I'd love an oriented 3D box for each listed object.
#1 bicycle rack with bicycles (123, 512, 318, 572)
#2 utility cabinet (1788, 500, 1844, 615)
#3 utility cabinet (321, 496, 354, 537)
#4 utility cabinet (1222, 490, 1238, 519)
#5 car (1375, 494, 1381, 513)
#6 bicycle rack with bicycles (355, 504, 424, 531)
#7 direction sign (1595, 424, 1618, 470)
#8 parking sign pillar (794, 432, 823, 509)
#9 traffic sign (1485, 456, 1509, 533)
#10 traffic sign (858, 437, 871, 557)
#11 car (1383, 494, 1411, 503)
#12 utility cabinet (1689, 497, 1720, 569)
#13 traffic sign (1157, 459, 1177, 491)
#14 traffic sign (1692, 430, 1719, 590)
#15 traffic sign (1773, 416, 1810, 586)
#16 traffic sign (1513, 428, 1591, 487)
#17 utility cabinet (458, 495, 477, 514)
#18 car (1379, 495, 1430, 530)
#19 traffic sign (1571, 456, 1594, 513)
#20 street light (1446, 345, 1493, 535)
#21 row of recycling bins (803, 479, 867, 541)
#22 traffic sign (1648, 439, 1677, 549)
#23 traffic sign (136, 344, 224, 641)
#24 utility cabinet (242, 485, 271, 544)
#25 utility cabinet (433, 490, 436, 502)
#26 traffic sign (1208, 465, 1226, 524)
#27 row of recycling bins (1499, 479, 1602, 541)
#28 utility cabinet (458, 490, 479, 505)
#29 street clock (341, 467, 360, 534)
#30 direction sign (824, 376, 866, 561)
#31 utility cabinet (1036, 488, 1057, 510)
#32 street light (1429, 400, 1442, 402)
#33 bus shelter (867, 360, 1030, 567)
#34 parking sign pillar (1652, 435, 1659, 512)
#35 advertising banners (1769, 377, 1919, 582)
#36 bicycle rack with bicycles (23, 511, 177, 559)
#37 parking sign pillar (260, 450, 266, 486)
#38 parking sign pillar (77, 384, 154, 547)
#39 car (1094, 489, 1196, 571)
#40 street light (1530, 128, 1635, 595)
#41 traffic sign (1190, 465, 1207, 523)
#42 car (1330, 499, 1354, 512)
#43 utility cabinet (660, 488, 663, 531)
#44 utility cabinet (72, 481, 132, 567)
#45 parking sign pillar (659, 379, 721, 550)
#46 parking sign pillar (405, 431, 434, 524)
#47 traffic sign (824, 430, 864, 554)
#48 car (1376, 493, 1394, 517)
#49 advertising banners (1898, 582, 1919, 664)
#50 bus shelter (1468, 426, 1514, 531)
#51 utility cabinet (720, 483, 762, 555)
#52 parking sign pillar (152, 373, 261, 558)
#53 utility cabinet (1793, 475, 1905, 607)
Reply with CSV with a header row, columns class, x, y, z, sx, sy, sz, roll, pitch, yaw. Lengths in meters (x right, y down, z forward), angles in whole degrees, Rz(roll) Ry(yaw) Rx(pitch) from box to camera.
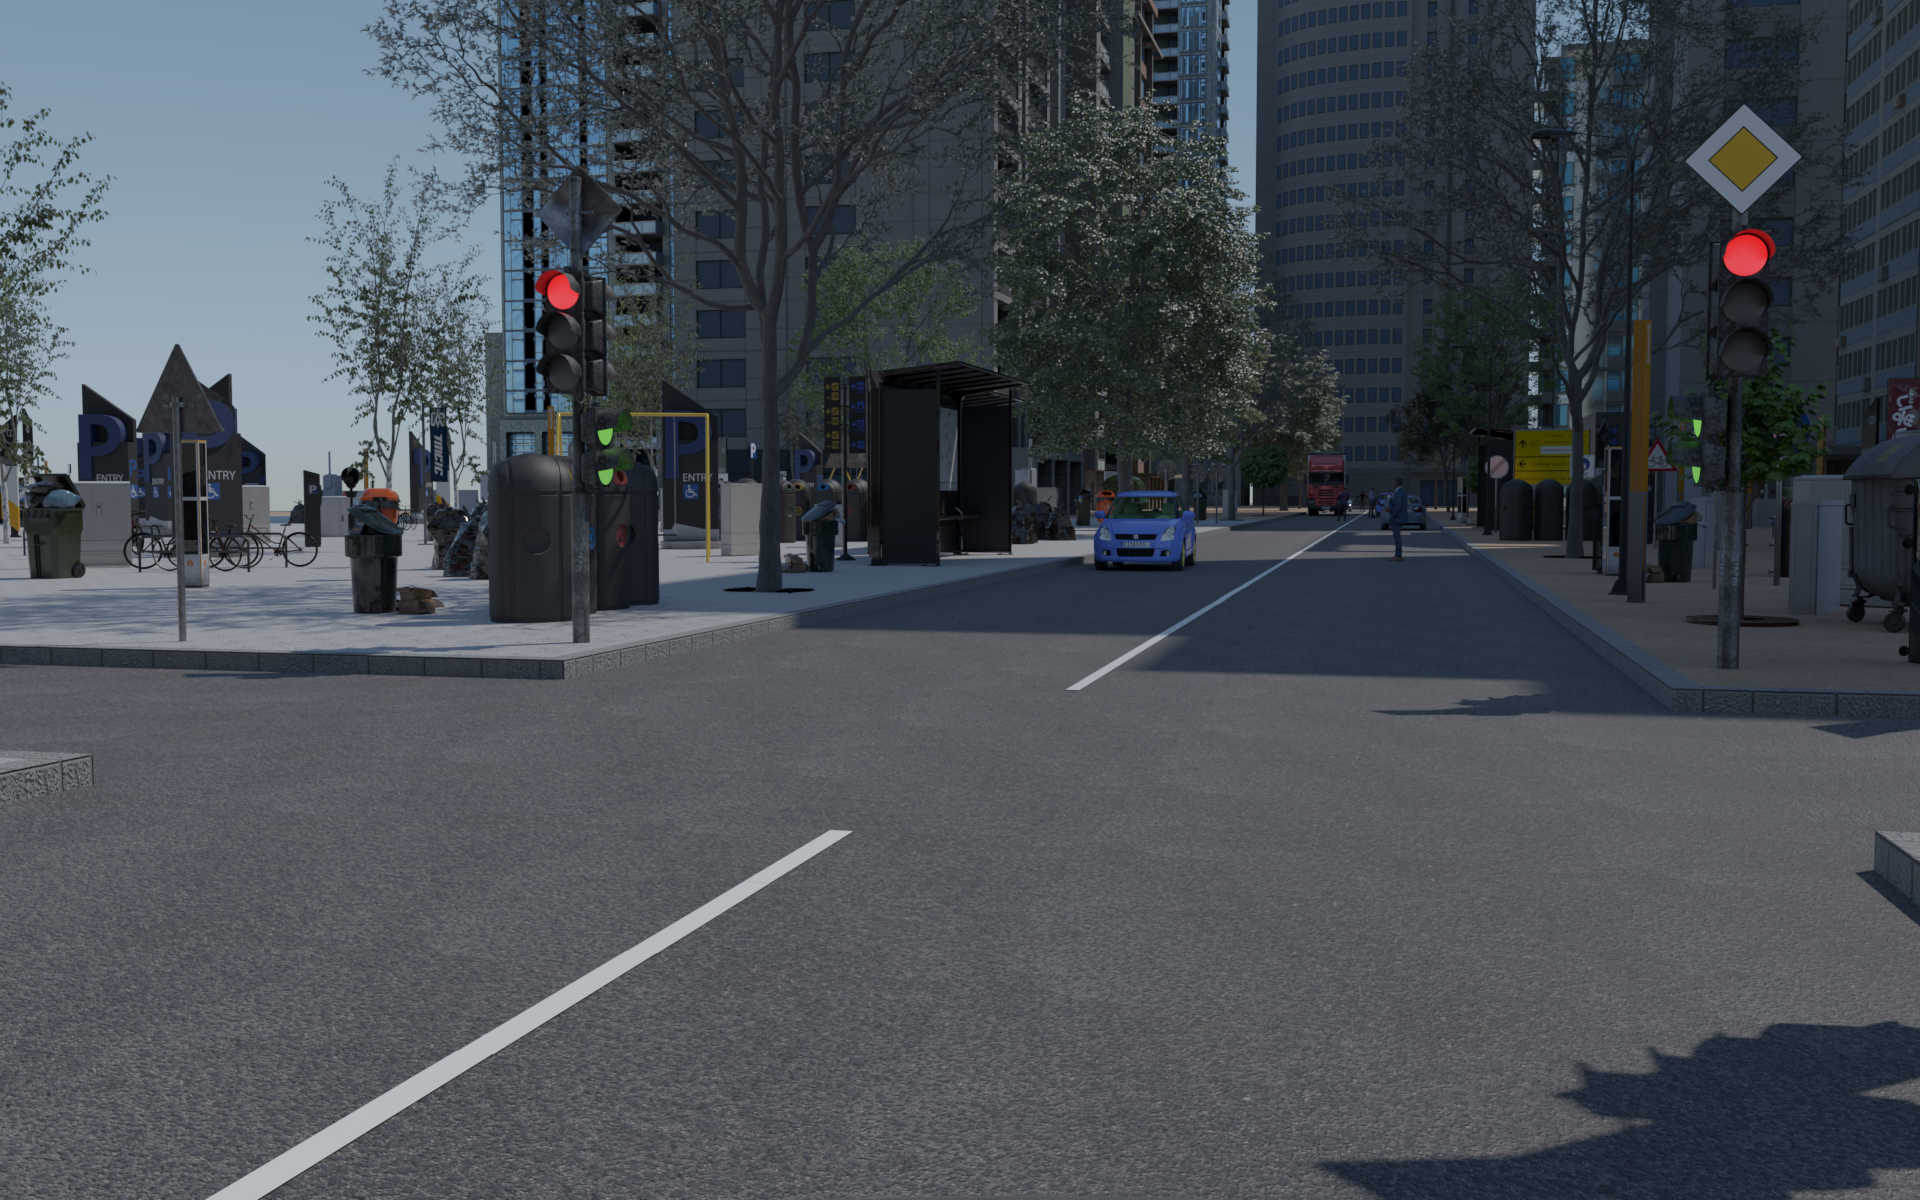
class,x,y,z,sx,sy,sz,roll,pitch,yaw
bicycle rack with bicycles,-12.741,-0.977,29.360,2.925,0.926,2.852,0,4,-1
utility cabinet,9.254,-0.464,18.742,0.306,1.237,1.020,3,5,40
utility cabinet,-18.600,-2.472,51.584,1.020,1.237,0.306,-1,4,-21
utility cabinet,13.604,-4.809,87.309,0.318,1.500,1.173,2,4,33
car,32.616,-7.491,132.263,2.009,1.686,4.222,1,4,15
bicycle rack with bicycles,-20.228,-2.958,61.737,2.925,0.926,2.852,3,5,44
direction sign,20.878,-3.914,55.985,0.379,3.537,0.876,-2,4,-29
parking sign pillar,-6.557,-5.295,75.045,1.447,3.967,1.447,3,4,37
traffic sign,17.785,-3.506,57.423,0.768,2.556,0.104,1,4,22
traffic sign,-1.821,-2.147,35.114,0.884,2.594,0.081,2,4,24
car,26.131,-5.651,102.616,2.015,1.641,3.980,1,4,13
utility cabinet,12.815,-1.147,29.912,0.306,1.237,1.020,2,4,33
traffic sign,7.582,-3.890,63.708,0.768,2.556,0.104,2,4,24
traffic sign,10.137,-1.348,23.218,0.795,2.450,0.064,1,4,20
traffic sign,11.452,-1.474,24.213,0.768,2.556,0.104,1,4,23
traffic sign,18.474,-3.685,54.123,2.265,3.308,0.079,1,4,21
utility cabinet,-23.527,-4.358,82.422,1.020,1.237,0.306,-1,4,-9
car,17.968,-3.550,70.050,2.014,1.417,4.499,1,4,15
traffic sign,16.256,-2.639,45.277,0.606,2.300,0.079,1,4,16
street light,15.917,-4.978,53.934,1.470,5.913,1.316,1,4,14
row of recycling bins,-3.245,-2.463,47.391,3.534,1.692,1.069,1,4,20
traffic sign,16.352,-2.488,40.676,0.884,2.594,0.081,1,4,16
traffic sign,-6.774,-0.918,15.018,0.884,2.594,0.081,1,4,16
utility cabinet,-18.165,-2.163,44.045,0.318,1.500,1.173,3,5,40
utility cabinet,-25.388,-4.593,83.782,1.173,1.500,0.318,-3,5,-44
traffic sign,11.174,-4.604,75.377,0.768,2.556,0.104,1,4,17
row of recycling bins,16.709,-2.489,47.809,3.534,1.692,1.069,0,4,-3
utility cabinet,-25.438,-4.932,89.309,1.173,1.500,0.318,-1,4,-15
street clock,-16.241,-2.548,46.233,0.471,2.002,0.358,0,4,-7
direction sign,-2.211,-2.533,33.412,0.876,3.537,0.379,1,4,21
utility cabinet,2.681,-3.081,59.057,1.173,1.500,0.318,-1,4,-12
street light,23.848,-6.912,85.549,1.470,5.913,1.316,1,4,14
bus shelter,-0.119,-2.594,33.699,1.731,3.624,6.357,1,4,14
parking sign pillar,31.396,-5.566,79.470,1.447,3.967,1.447,-1,4,-23
advertising banners,13.462,-1.842,26.298,2.074,3.025,0.090,1,4,20
bicycle rack with bicycles,-18.332,-1.439,36.906,2.852,0.926,2.925,0,4,7
parking sign pillar,-32.145,-5.506,78.496,1.447,3.967,1.447,1,4,11
parking sign pillar,-20.789,-3.289,42.246,1.447,3.967,1.447,0,4,5
car,3.621,-1.469,33.606,1.945,1.707,3.694,1,4,12
street light,7.933,-3.028,22.057,1.470,5.913,1.316,1,4,14
traffic sign,10.481,-4.662,76.327,0.768,2.556,0.104,1,4,17
car,30.986,-7.881,140.854,2.014,1.417,4.499,1,4,13
utility cabinet,-9.930,-3.086,59.134,0.318,1.500,1.173,0,4,8
utility cabinet,-15.042,-1.308,30.068,1.173,1.500,0.318,-2,4,-25
parking sign pillar,-6.322,-3.191,40.644,1.447,3.967,1.447,0,4,-7
parking sign pillar,-23.218,-5.272,74.667,1.447,3.967,1.447,1,4,11
traffic sign,-2.356,-2.142,35.029,0.884,2.594,0.081,1,4,21
car,27.365,-6.162,110.334,1.945,1.707,3.694,1,4,13
advertising banners,7.293,-0.978,12.170,0.090,3.025,2.074,0,4,-3
bus shelter,19.455,-4.382,62.921,1.731,3.624,6.357,1,4,14
utility cabinet,-4.474,-1.679,36.124,0.318,1.500,1.173,3,4,38
parking sign pillar,-15.431,-2.873,35.453,1.447,3.967,1.447,3,5,44
utility cabinet,10.181,-0.683,19.840,0.318,1.500,1.173,-3,5,-42

» EXERCISE DIRECTIONS
Copy the data verbatim, skipping any image it holds.

» RESULT FOR THIS TASK
I'd love an oriented 3D box for each listed object.
#1 bicycle rack with bicycles (123, 512, 318, 572)
#2 utility cabinet (1788, 500, 1844, 615)
#3 utility cabinet (321, 496, 354, 537)
#4 utility cabinet (1222, 490, 1238, 519)
#5 car (1375, 494, 1381, 513)
#6 bicycle rack with bicycles (355, 504, 424, 531)
#7 direction sign (1595, 424, 1618, 470)
#8 parking sign pillar (794, 432, 823, 509)
#9 traffic sign (1485, 456, 1509, 533)
#10 traffic sign (858, 437, 871, 557)
#11 car (1383, 494, 1411, 503)
#12 utility cabinet (1689, 497, 1720, 569)
#13 traffic sign (1157, 459, 1177, 491)
#14 traffic sign (1692, 430, 1719, 590)
#15 traffic sign (1773, 416, 1810, 586)
#16 traffic sign (1513, 428, 1591, 487)
#17 utility cabinet (458, 495, 477, 514)
#18 car (1379, 495, 1430, 530)
#19 traffic sign (1571, 456, 1594, 513)
#20 street light (1446, 345, 1493, 535)
#21 row of recycling bins (803, 479, 867, 541)
#22 traffic sign (1648, 439, 1677, 549)
#23 traffic sign (136, 344, 224, 641)
#24 utility cabinet (242, 485, 271, 544)
#25 utility cabinet (433, 490, 436, 502)
#26 traffic sign (1208, 465, 1226, 524)
#27 row of recycling bins (1499, 479, 1602, 541)
#28 utility cabinet (458, 490, 479, 505)
#29 street clock (341, 467, 360, 534)
#30 direction sign (824, 376, 866, 561)
#31 utility cabinet (1036, 488, 1057, 510)
#32 street light (1429, 400, 1442, 402)
#33 bus shelter (867, 360, 1030, 567)
#34 parking sign pillar (1652, 435, 1659, 512)
#35 advertising banners (1769, 377, 1919, 582)
#36 bicycle rack with bicycles (23, 511, 177, 559)
#37 parking sign pillar (260, 450, 266, 486)
#38 parking sign pillar (77, 384, 154, 547)
#39 car (1094, 489, 1196, 571)
#40 street light (1530, 128, 1635, 595)
#41 traffic sign (1190, 465, 1207, 523)
#42 car (1330, 499, 1354, 512)
#43 utility cabinet (660, 488, 663, 531)
#44 utility cabinet (72, 481, 132, 567)
#45 parking sign pillar (659, 379, 721, 550)
#46 parking sign pillar (405, 431, 434, 524)
#47 traffic sign (824, 430, 864, 554)
#48 car (1376, 493, 1394, 517)
#49 advertising banners (1898, 582, 1919, 664)
#50 bus shelter (1468, 426, 1514, 531)
#51 utility cabinet (720, 483, 762, 555)
#52 parking sign pillar (152, 373, 261, 558)
#53 utility cabinet (1793, 475, 1905, 607)
Reply with CSV with a header row, columns class, x, y, z, sx, sy, sz, roll, pitch, yaw. Lengths in meters (x right, y down, z forward), angles in whole degrees, Rz(roll) Ry(yaw) Rx(pitch) from box to camera.
class,x,y,z,sx,sy,sz,roll,pitch,yaw
bicycle rack with bicycles,-12.741,-0.977,29.360,2.925,0.926,2.852,0,4,-1
utility cabinet,9.254,-0.464,18.742,0.306,1.237,1.020,3,5,40
utility cabinet,-18.600,-2.472,51.584,1.020,1.237,0.306,-1,4,-21
utility cabinet,13.604,-4.809,87.309,0.318,1.500,1.173,2,4,33
car,32.616,-7.491,132.263,2.009,1.686,4.222,1,4,15
bicycle rack with bicycles,-20.228,-2.958,61.737,2.925,0.926,2.852,3,5,44
direction sign,20.878,-3.914,55.985,0.379,3.537,0.876,-2,4,-29
parking sign pillar,-6.557,-5.295,75.045,1.447,3.967,1.447,3,4,37
traffic sign,17.785,-3.506,57.423,0.768,2.556,0.104,1,4,22
traffic sign,-1.821,-2.147,35.114,0.884,2.594,0.081,2,4,24
car,26.131,-5.651,102.616,2.015,1.641,3.980,1,4,13
utility cabinet,12.815,-1.147,29.912,0.306,1.237,1.020,2,4,33
traffic sign,7.582,-3.890,63.708,0.768,2.556,0.104,2,4,24
traffic sign,10.137,-1.348,23.218,0.795,2.450,0.064,1,4,20
traffic sign,11.452,-1.474,24.213,0.768,2.556,0.104,1,4,23
traffic sign,18.474,-3.685,54.123,2.265,3.308,0.079,1,4,21
utility cabinet,-23.527,-4.358,82.422,1.020,1.237,0.306,-1,4,-9
car,17.968,-3.550,70.050,2.014,1.417,4.499,1,4,15
traffic sign,16.256,-2.639,45.277,0.606,2.300,0.079,1,4,16
street light,15.917,-4.978,53.934,1.470,5.913,1.316,1,4,14
row of recycling bins,-3.245,-2.463,47.391,3.534,1.692,1.069,1,4,20
traffic sign,16.352,-2.488,40.676,0.884,2.594,0.081,1,4,16
traffic sign,-6.774,-0.918,15.018,0.884,2.594,0.081,1,4,16
utility cabinet,-18.165,-2.163,44.045,0.318,1.500,1.173,3,5,40
utility cabinet,-25.388,-4.593,83.782,1.173,1.500,0.318,-3,5,-44
traffic sign,11.174,-4.604,75.377,0.768,2.556,0.104,1,4,17
row of recycling bins,16.709,-2.489,47.809,3.534,1.692,1.069,0,4,-3
utility cabinet,-25.438,-4.932,89.309,1.173,1.500,0.318,-1,4,-15
street clock,-16.241,-2.548,46.233,0.471,2.002,0.358,0,4,-7
direction sign,-2.211,-2.533,33.412,0.876,3.537,0.379,1,4,21
utility cabinet,2.681,-3.081,59.057,1.173,1.500,0.318,-1,4,-12
street light,23.848,-6.912,85.549,1.470,5.913,1.316,1,4,14
bus shelter,-0.119,-2.594,33.699,1.731,3.624,6.357,1,4,14
parking sign pillar,31.396,-5.566,79.470,1.447,3.967,1.447,-1,4,-23
advertising banners,13.462,-1.842,26.298,2.074,3.025,0.090,1,4,20
bicycle rack with bicycles,-18.332,-1.439,36.906,2.852,0.926,2.925,0,4,7
parking sign pillar,-32.145,-5.506,78.496,1.447,3.967,1.447,1,4,11
parking sign pillar,-20.789,-3.289,42.246,1.447,3.967,1.447,0,4,5
car,3.621,-1.469,33.606,1.945,1.707,3.694,1,4,12
street light,7.933,-3.028,22.057,1.470,5.913,1.316,1,4,14
traffic sign,10.481,-4.662,76.327,0.768,2.556,0.104,1,4,17
car,30.986,-7.881,140.854,2.014,1.417,4.499,1,4,13
utility cabinet,-9.930,-3.086,59.134,0.318,1.500,1.173,0,4,8
utility cabinet,-15.042,-1.308,30.068,1.173,1.500,0.318,-2,4,-25
parking sign pillar,-6.322,-3.191,40.644,1.447,3.967,1.447,0,4,-7
parking sign pillar,-23.218,-5.272,74.667,1.447,3.967,1.447,1,4,11
traffic sign,-2.356,-2.142,35.029,0.884,2.594,0.081,1,4,21
car,27.365,-6.162,110.334,1.945,1.707,3.694,1,4,13
advertising banners,7.293,-0.978,12.170,0.090,3.025,2.074,0,4,-3
bus shelter,19.455,-4.382,62.921,1.731,3.624,6.357,1,4,14
utility cabinet,-4.474,-1.679,36.124,0.318,1.500,1.173,3,4,38
parking sign pillar,-15.431,-2.873,35.453,1.447,3.967,1.447,3,5,44
utility cabinet,10.181,-0.683,19.840,0.318,1.500,1.173,-3,5,-42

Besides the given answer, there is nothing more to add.